LASSO (binomial) p-value and confidence intervals (selectiveInference) error

hlsmith

Omega Contributor
#1
I was just trying to quickly check out the "selectiveInference" package to slap confidence intervals on my beta coefficients from a glmnet (LASSO: binomial) model. The package is suppose to provide more robust CIs that account for initially using LASSO to get subset of features. So it is conditional on that process. I get the following error, I am going to try now to use their example data (simulation) to see if that runs for me.


Thanks!


Error in if (any(abs(g) > 1 + tol.kkt)) warning(paste("Solution beta does not satisfy the KKT conditions", : missing value where TRUE/FALSE needed

P.S. My initial glmnet LASSO model runs fine without issues, I then use the defined lambda from my CV model building process and the lambda's associated coefficients in the selectiveInference package for my attempted CI ascertainment. That is when I get the error.
 

hlsmith

Omega Contributor
#2
Well last night I could not get the toy example to run (based on a simulation). It seemed like a simple matrix algebra component in constructing the toy set was erring in my r session. I will upload that code later.

Here is a link to the program code (selectiveInference) where you can partially see the rule associated with my error:

https://rdrr.io/cran/selectiveInference/src/R/funs.fixed.R

Thanks
 

hlsmith

Omega Contributor
#3
Well the code example with the sim-toy set didn't run, because I was fiddling with it, trying to rename vars, since I had comparable named vars in another opened program.
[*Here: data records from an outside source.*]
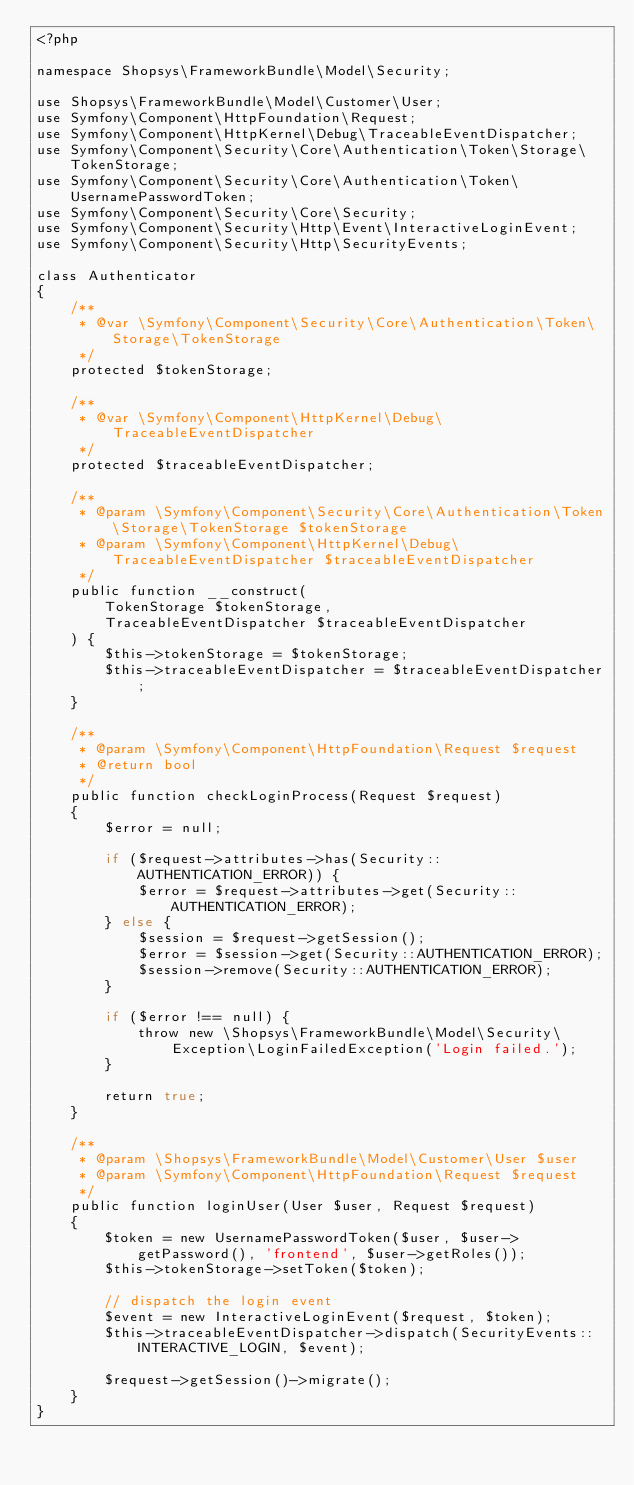Convert code to text. <code><loc_0><loc_0><loc_500><loc_500><_PHP_><?php

namespace Shopsys\FrameworkBundle\Model\Security;

use Shopsys\FrameworkBundle\Model\Customer\User;
use Symfony\Component\HttpFoundation\Request;
use Symfony\Component\HttpKernel\Debug\TraceableEventDispatcher;
use Symfony\Component\Security\Core\Authentication\Token\Storage\TokenStorage;
use Symfony\Component\Security\Core\Authentication\Token\UsernamePasswordToken;
use Symfony\Component\Security\Core\Security;
use Symfony\Component\Security\Http\Event\InteractiveLoginEvent;
use Symfony\Component\Security\Http\SecurityEvents;

class Authenticator
{
    /**
     * @var \Symfony\Component\Security\Core\Authentication\Token\Storage\TokenStorage
     */
    protected $tokenStorage;

    /**
     * @var \Symfony\Component\HttpKernel\Debug\TraceableEventDispatcher
     */
    protected $traceableEventDispatcher;

    /**
     * @param \Symfony\Component\Security\Core\Authentication\Token\Storage\TokenStorage $tokenStorage
     * @param \Symfony\Component\HttpKernel\Debug\TraceableEventDispatcher $traceableEventDispatcher
     */
    public function __construct(
        TokenStorage $tokenStorage,
        TraceableEventDispatcher $traceableEventDispatcher
    ) {
        $this->tokenStorage = $tokenStorage;
        $this->traceableEventDispatcher = $traceableEventDispatcher;
    }

    /**
     * @param \Symfony\Component\HttpFoundation\Request $request
     * @return bool
     */
    public function checkLoginProcess(Request $request)
    {
        $error = null;

        if ($request->attributes->has(Security::AUTHENTICATION_ERROR)) {
            $error = $request->attributes->get(Security::AUTHENTICATION_ERROR);
        } else {
            $session = $request->getSession();
            $error = $session->get(Security::AUTHENTICATION_ERROR);
            $session->remove(Security::AUTHENTICATION_ERROR);
        }

        if ($error !== null) {
            throw new \Shopsys\FrameworkBundle\Model\Security\Exception\LoginFailedException('Login failed.');
        }

        return true;
    }

    /**
     * @param \Shopsys\FrameworkBundle\Model\Customer\User $user
     * @param \Symfony\Component\HttpFoundation\Request $request
     */
    public function loginUser(User $user, Request $request)
    {
        $token = new UsernamePasswordToken($user, $user->getPassword(), 'frontend', $user->getRoles());
        $this->tokenStorage->setToken($token);

        // dispatch the login event
        $event = new InteractiveLoginEvent($request, $token);
        $this->traceableEventDispatcher->dispatch(SecurityEvents::INTERACTIVE_LOGIN, $event);

        $request->getSession()->migrate();
    }
}
</code>

And it wasn't running because I messed it up.


For anyone interested, below is the example that runs fine and is what I am trying to replicate with my own real-life data, ...still.


Code:
#logistic model
set.seed(43)
n = 50 
p  =  10 
sigma  = 1
x = matrix(rnorm(n*p),n,p)
x=scale(x,TRUE,TRUE)

beta = c(3,2,rep(0,p-2))
y = x%*%beta  + sigma*rnorm(n)
y=1*(y>mean(y))



# first run glmnet
gfit = glmnet(x,y,standardize=FALSE,family="binomial")

 # extract coef  for a given  lambda; note the  1/n  factor! 
 # (and here   we  DO    include  the  intercept  term)
lambda = .8
beta_hat  = coef(gfit, s=lambda/n, exact=TRUE)

 # compute  fixed lambda p-values  and selection intervals
out  = fixedLassoInf(x,y,beta_hat,lambda,family="binomial")
out
Post variable selection type I error, is what this is used for. Thanks!
 

hlsmith

Omega Contributor
#4
I still wonder if some of my issue may be related to missing data in the original set? Planning to hit this hard in the morning. Seems like I should be able to figure some of the following by hand.


tol.kkt =Tolerance for determining if an entry of the subgradient is zero


# Check the KKT conditions
g = t(x)%*%(y-x%*%beta) / lambda
if (any(abs(g) > 1+tol.kkt * sqrt(sum(y^2))))
warning(paste("Solution beta does not satisfy the KKT conditions",
"(to within specified tolerances)"))

vars = which(abs(beta) > tol.beta / sqrt(colSums(x^2)))
if(length(vars)==0){
cat("Empty model",fill=T)
return()
}
if (any(sign(g[vars]) != sign(beta[vars])))
warning(paste("Solution beta does not satisfy the KKT conditions",
"(to within specified tolerances). You might try rerunning",
"glmnet with a lower setting of the",
"'thresh' parameter, for a more accurate convergence."))
 

hlsmith

Omega Contributor
#5
Update for those who may be interested, I can get the code for the selectiveInference package to run. Much of my problems are likely related to my wonky dataset. I removed observations with missingness, which I had previously deemed MCAR. I also surmised per an error message that two independent variables actually had the exact same values and considered redundant, so I dropped one of them. They addressed a comparable construct.


The code runs and generates output, though due to the sparseness in data some confidence intervals are large and some go to infinity for some variables. I will provide more updates if I glean any other insights.
 

hlsmith

Omega Contributor
#6
I just ran a LASSO model building process with lambda based on CV for a new project (not so wonky data this time) followed by the use of selectiveInference without any issues.

It seems that I have the code all figured out. Now I need to better understand the intricacies of how the conditional procedure functions.